#### [Dataset excerpt]
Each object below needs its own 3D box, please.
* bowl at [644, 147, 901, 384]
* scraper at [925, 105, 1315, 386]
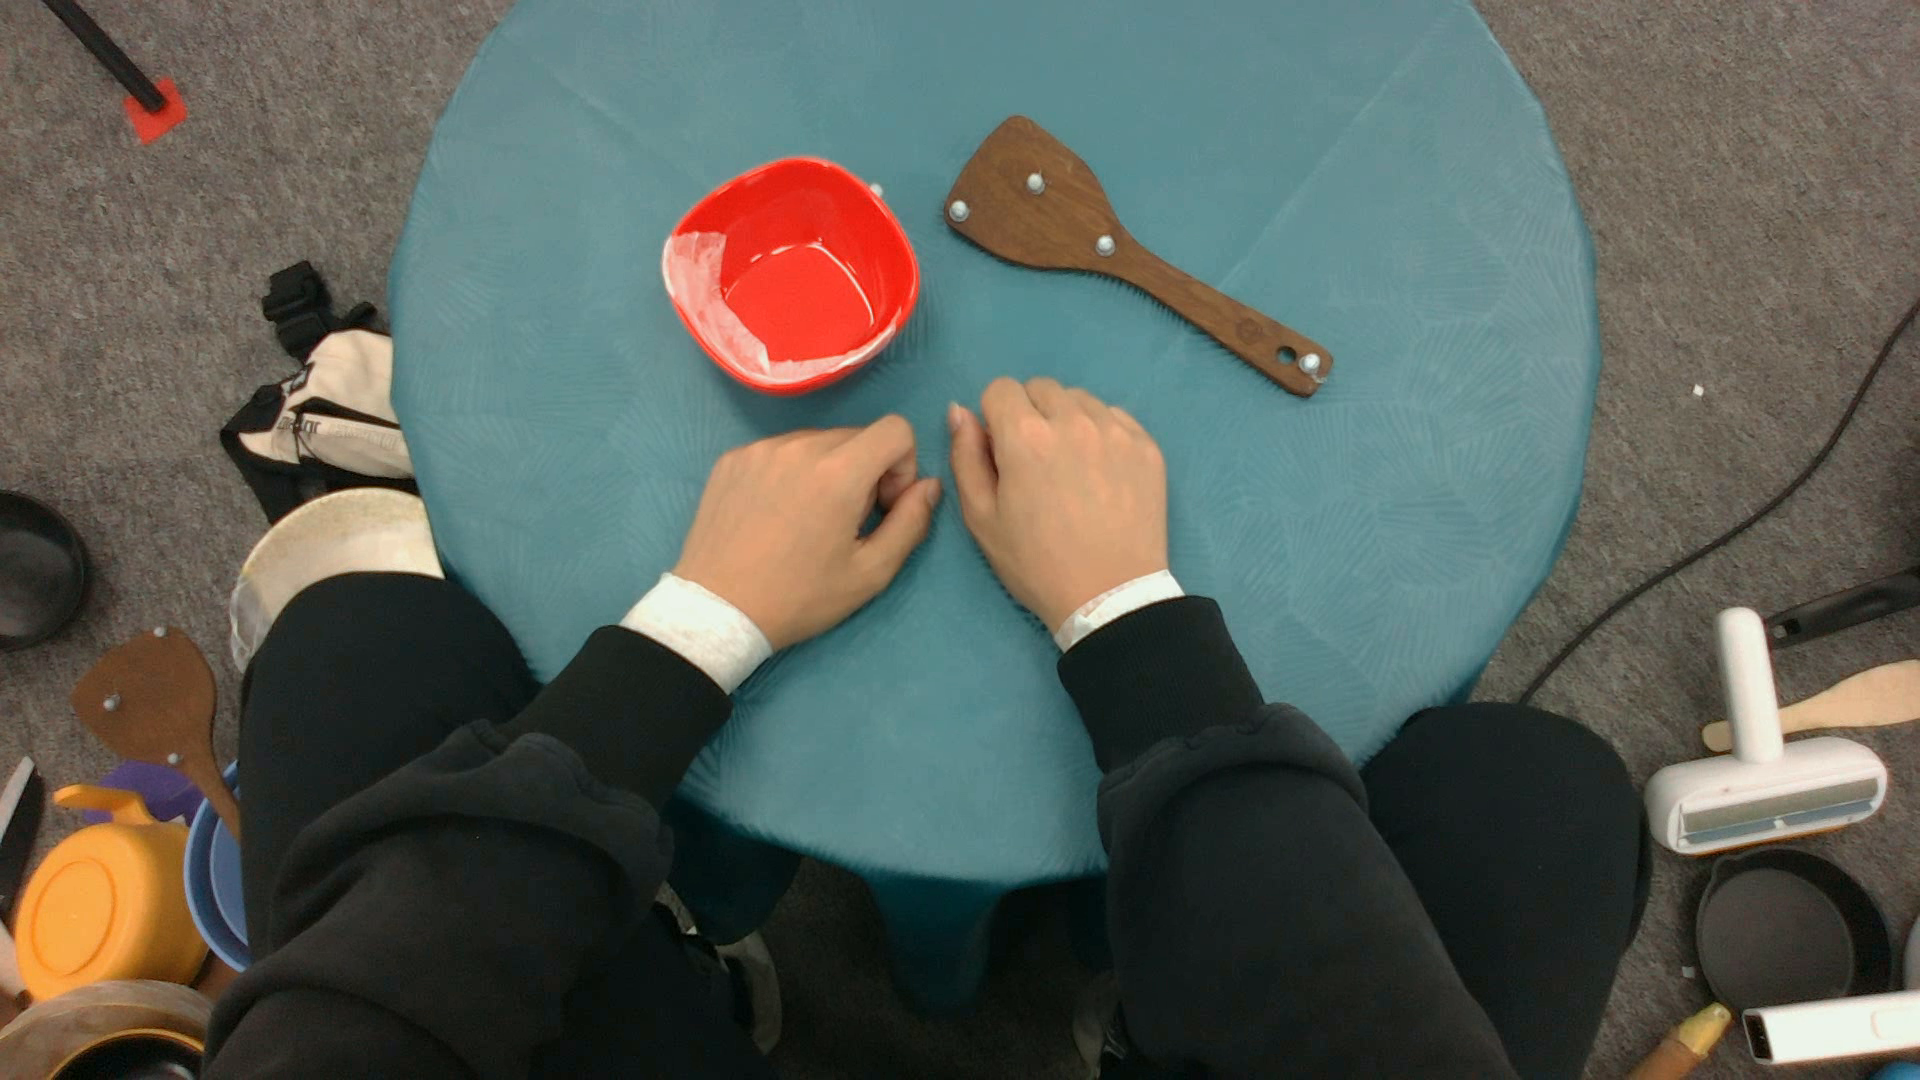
[{"bbox_3d":[-0.087,-0.123,0.658,0.119,0.051,0.119,1,72,-2],"label":"bowl"},{"bbox_3d":[0.083,-0.141,0.690,0.211,0.011,0.076,34,76,8],"label":"scraper"}]

#### [Assigned task]
An exact transcription of the material is required, without any pictures.

#### [Result for this exercise]
Each object below needs its own 3D box, please.
* bowl at [644, 147, 901, 384]
* scraper at [925, 105, 1315, 386]
[{"bbox_3d":[-0.087,-0.123,0.658,0.119,0.051,0.119,1,72,-2],"label":"bowl"},{"bbox_3d":[0.083,-0.141,0.690,0.211,0.011,0.076,34,76,8],"label":"scraper"}]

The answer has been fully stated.